RENOVATION


His homes evolved from understanding people’s needs. He evolved a simple space that nourished the delight of living - Gordon Bruce

Eliot Noyes designed the Ault House in 1951 for a family of four, organizing the space to meet the family’s needs. The house's spatial organization also reflected the social norms of its time - not all of which translate well into the way we live today. As Fred Noyes, Eliot's son and an architect who heads the Eliot Noyes Center, shared with me: "Very important to remember that nothing stands still — and that we shouldn't be giving undue adulation to the architects back then without thinking of them as inventing to allow us to invent on top of them as appropriate to our time." For my family, with many traditions involving cooking and family meals, this meant replacing the former housekeeper's quarters in the service wing with a larger kitchen and dining room. In the process, opening the kitchen to the grounds by replacing smaller windows with full-length, floor-to-ceiling glass panels that matched those in the other living space of the house. It also meant removing the linen closet in the bedroom wing, turning the guest bedroom into a larger third children’s bedroom. 

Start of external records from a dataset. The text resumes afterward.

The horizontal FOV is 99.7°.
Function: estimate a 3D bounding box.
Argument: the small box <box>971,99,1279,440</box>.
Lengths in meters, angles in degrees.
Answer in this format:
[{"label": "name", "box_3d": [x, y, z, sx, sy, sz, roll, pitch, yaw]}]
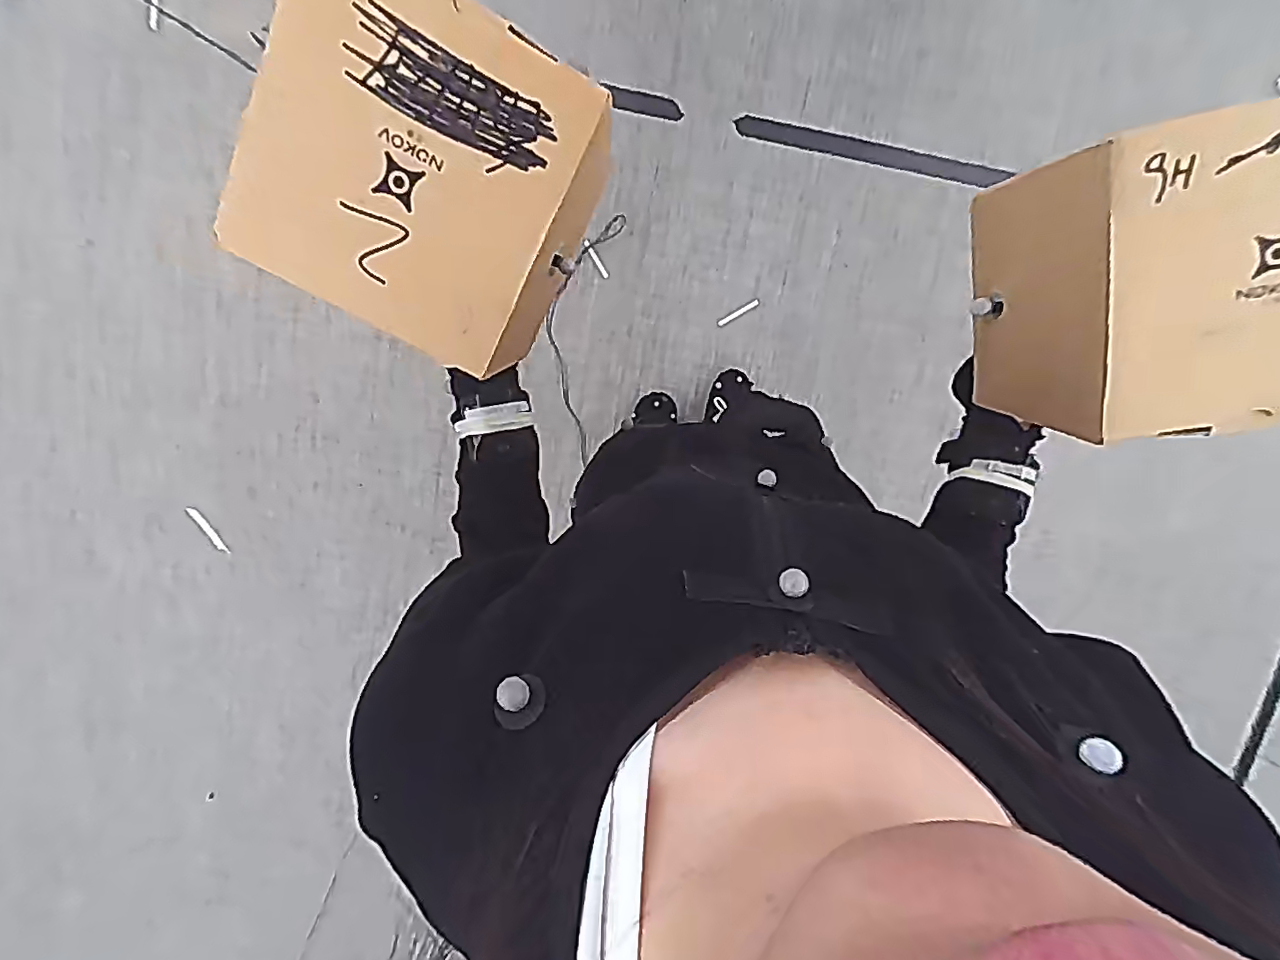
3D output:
[{"label": "small box", "box_3d": [0.358, -0.142, 0.380, 0.168, 0.176, 0.179, -9, 107, 9]}]
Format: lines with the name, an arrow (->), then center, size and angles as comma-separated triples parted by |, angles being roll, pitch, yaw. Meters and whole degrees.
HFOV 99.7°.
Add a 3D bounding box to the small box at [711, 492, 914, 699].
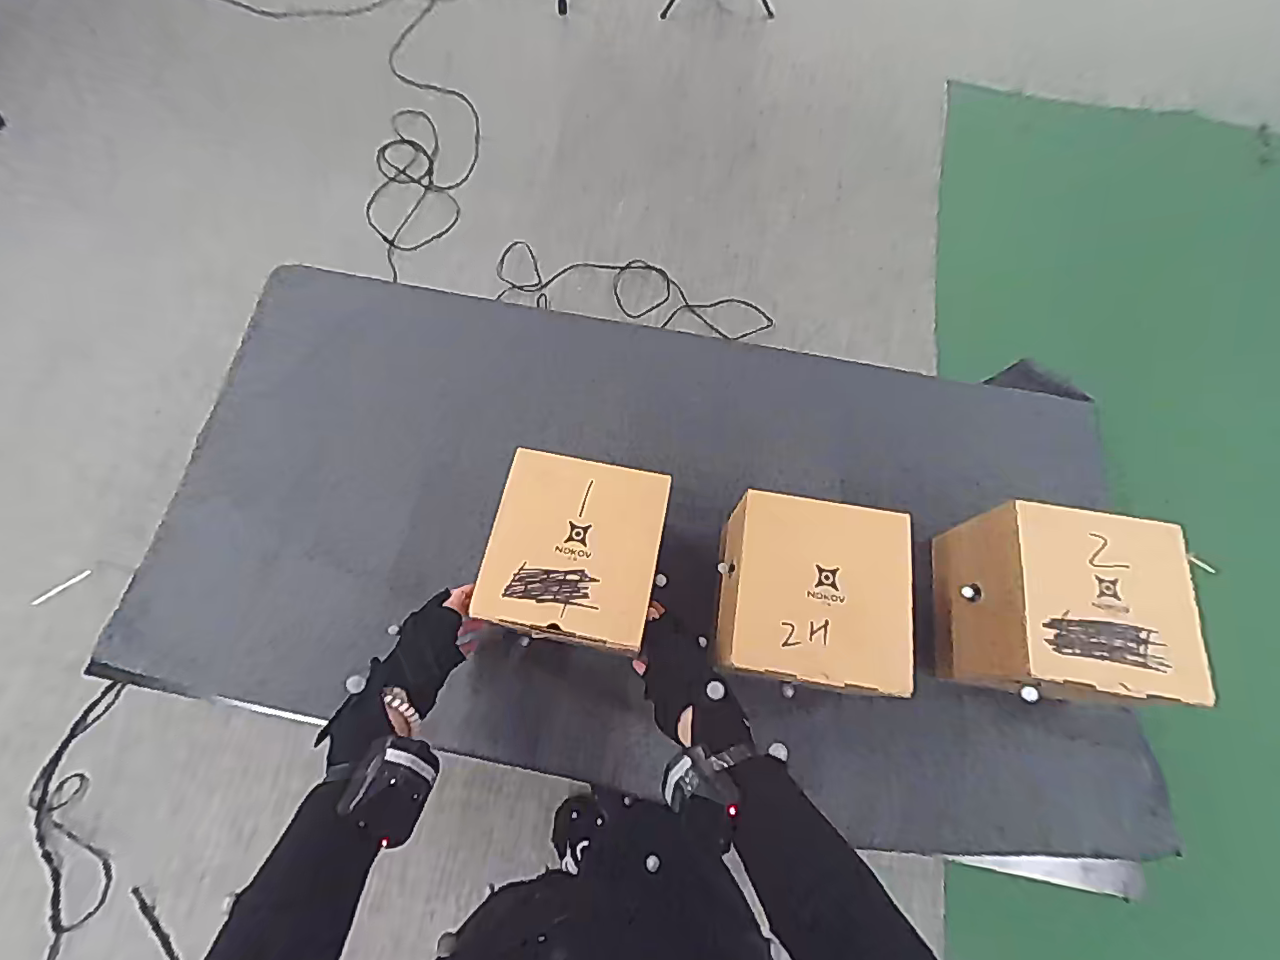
small box -> 0.176, 0.132, 0.590 | 0.168, 0.176, 0.179 | 9, 69, 2
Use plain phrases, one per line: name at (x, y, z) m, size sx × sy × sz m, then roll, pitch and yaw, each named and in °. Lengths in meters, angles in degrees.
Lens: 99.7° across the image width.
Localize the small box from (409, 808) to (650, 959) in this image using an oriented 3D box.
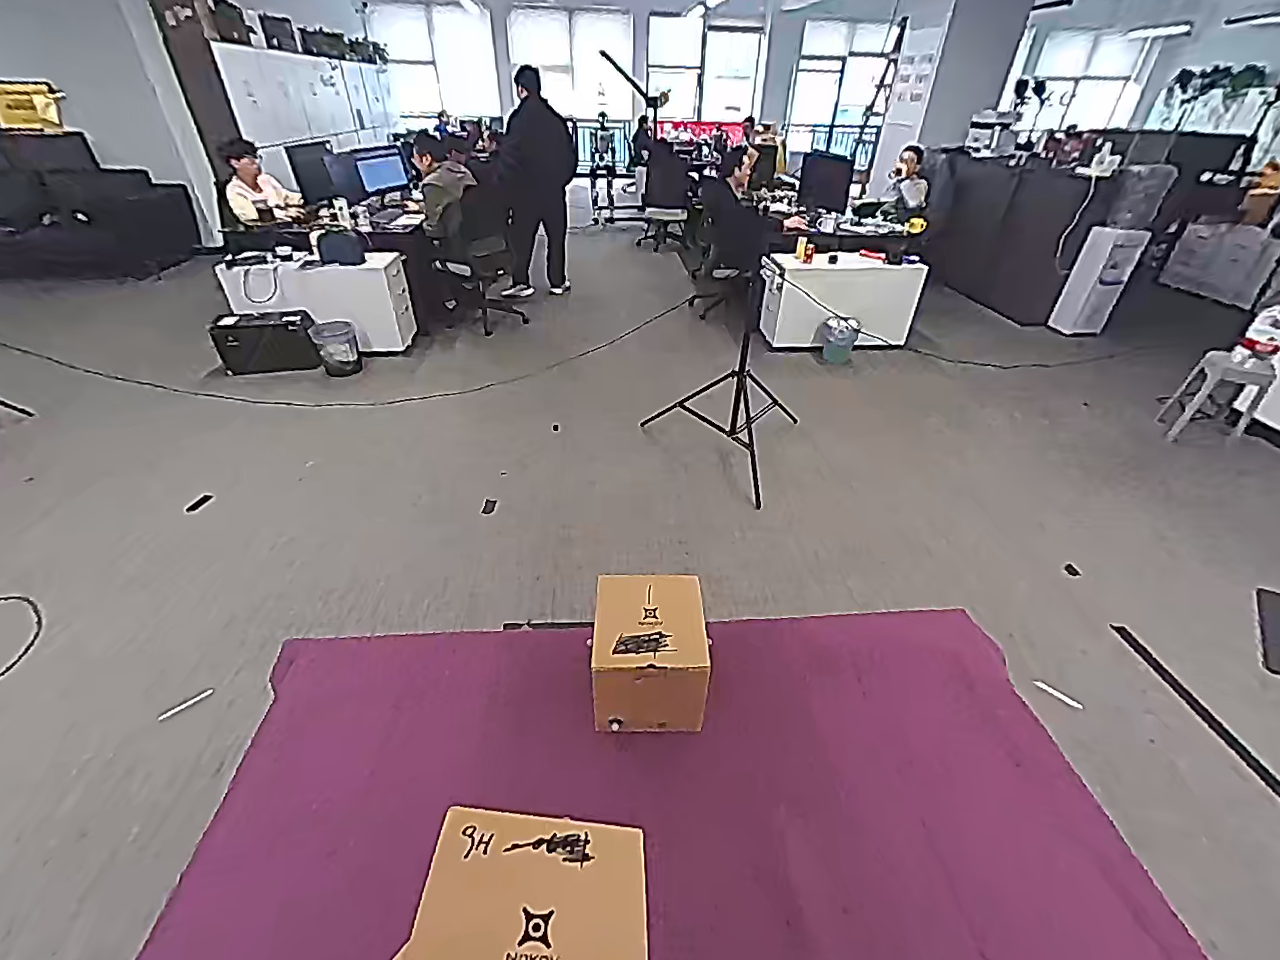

The remaining renovations focused on restoring the property's full functionality and making it livable in today's climate. The beautifully sculptural swimming pool had lain dormant for decades; bringing it back to life required digging a trench the length of the garden to install new electrical lines for the pump.

Though the house had been built with materials that were technologically advanced for the 1950s, the past seventy-five years had not been kind to them. There was no insulation in the walls, and the windows and roof leaked, making the house unbearable to live in during the colder months. The bluestone floor had deteriorated to the point that it would stick to our bare soles as my brothers and I ran through the house during our first summer there. A careful assessment of the building's condition led us to strip the original interior entirely and replace all mechanical systems.

Original finishes that could be salvaged - the cabinetry and sliding solid wooden doors, in particular - were preserved. The most important decisions centered on one priority: preserving the skyscapes and flow of light from outdoors to indoors. Should we drop the ceilings to accommodate heating vents, altering the proportions of the glass walls? Or run the heating through the floor, which would mean removing the crumbling bluestone, installing radiant heat panels, and covering them with an oak floor, leaving the room heights and light flow intact? Given the thickness of the slabs, laying new bluestone back over the heat panels wasn't an option, as it would have reduced the room height and compromised the very proportions we were trying to protect. We chose light over the bluestone floor.